Due to data aggregation and other processing requirements, EPM target tables may contain columns that do not exist in your source transaction tables. Because of the differences between source and EPM columns, there are sometimes no source values to populate the EPM columns. Therefore, default values must be used to populate the EPM columns instead.

Warehouse Layer

Data Type

Default Value

OWS

Char

'-'

 

Num

0

 

Date

Null

OWE

Char

' '

 

Num

0

 

Date

Null

MDW

Char

'-'

 

Num

0

 

Date

Null

For MDW fact records, fact rows coming from the source normally contain a valid reference to an existing row in the dimension table, in the form of a foreign key using a business key field. However, occasionally a fact row does not contain the dimension key. To resolve this issue, each MDW dimension contains a row for Value Not Specified, with predefined key values of zero—for a missing numeric value—and a hyphen—for a missing character value.

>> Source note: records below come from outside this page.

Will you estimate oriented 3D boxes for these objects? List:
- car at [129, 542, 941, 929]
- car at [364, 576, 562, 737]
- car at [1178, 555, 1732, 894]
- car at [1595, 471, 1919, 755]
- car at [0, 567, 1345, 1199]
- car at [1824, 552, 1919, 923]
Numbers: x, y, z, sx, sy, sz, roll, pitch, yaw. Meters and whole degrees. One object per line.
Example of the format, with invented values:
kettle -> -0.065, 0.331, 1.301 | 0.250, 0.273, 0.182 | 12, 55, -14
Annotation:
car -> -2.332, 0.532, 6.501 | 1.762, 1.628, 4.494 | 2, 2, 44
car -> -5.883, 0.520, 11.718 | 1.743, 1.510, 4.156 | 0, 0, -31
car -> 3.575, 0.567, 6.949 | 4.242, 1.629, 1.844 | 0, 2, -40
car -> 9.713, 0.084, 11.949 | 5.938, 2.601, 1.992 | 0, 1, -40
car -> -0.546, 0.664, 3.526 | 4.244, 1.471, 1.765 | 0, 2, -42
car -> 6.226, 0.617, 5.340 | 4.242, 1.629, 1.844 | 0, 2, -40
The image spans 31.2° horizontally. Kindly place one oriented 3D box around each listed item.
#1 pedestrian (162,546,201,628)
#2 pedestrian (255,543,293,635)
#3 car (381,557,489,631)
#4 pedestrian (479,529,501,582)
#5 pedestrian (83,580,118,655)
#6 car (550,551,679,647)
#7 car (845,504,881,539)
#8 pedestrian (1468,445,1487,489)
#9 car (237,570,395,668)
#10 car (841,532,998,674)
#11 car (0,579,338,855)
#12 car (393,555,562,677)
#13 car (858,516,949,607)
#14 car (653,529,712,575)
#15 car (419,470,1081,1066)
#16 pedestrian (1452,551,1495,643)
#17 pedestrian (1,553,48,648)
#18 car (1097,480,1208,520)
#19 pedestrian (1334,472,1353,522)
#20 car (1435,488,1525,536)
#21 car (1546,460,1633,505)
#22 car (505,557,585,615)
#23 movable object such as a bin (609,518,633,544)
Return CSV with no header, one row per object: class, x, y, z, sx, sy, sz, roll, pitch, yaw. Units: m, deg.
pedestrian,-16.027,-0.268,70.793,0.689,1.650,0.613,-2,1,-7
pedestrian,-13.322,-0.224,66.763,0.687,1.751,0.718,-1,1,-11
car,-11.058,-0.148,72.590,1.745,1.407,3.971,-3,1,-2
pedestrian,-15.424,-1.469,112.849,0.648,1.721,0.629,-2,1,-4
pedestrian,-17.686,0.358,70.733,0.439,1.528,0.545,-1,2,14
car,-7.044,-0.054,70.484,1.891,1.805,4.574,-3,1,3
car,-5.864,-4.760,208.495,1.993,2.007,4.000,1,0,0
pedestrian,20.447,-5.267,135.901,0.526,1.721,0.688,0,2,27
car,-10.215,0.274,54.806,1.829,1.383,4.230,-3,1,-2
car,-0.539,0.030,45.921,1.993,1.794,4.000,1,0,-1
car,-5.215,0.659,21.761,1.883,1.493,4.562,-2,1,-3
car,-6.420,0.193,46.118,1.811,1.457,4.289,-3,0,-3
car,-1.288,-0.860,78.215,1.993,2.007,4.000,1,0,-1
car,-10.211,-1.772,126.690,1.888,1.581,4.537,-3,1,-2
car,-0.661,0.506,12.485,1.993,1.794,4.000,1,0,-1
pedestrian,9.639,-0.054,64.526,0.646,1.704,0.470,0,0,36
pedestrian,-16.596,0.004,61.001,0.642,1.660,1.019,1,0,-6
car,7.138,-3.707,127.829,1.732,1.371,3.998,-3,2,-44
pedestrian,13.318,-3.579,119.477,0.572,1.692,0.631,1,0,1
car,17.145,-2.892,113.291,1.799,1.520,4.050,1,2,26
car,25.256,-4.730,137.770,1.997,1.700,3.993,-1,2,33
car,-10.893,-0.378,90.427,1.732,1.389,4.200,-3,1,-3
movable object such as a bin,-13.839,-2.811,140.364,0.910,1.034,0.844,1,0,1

PeopleSoft delivers several routines to pass default values to the EPM columns. For example, the routine GetNumDefault is used to pass numeric default values to a target warehouse table. A separate routine is delivered for each data type (such as varchar and numeric).

Target Table Subrecords

Subrecords are a collection of specific columns that repeat across multiple EPM target tables. Subrecords can perform a variety of functions, including tracking data to its original source and facilitating customizations that enable type 2 slowly changing dimensions. For example, the subrecord LOAD_OWS_SBR contains columns such as CREATED_EW_DTTM, LAST_UPD_DTTM, and BATCH_SID which help track target warehouse table load history.

It is important to populate subrecords with the appropriate data. Thus, it is important that you thoroughly familiarize yourself with the PeopleSoft delivered subrecords and their associated columns.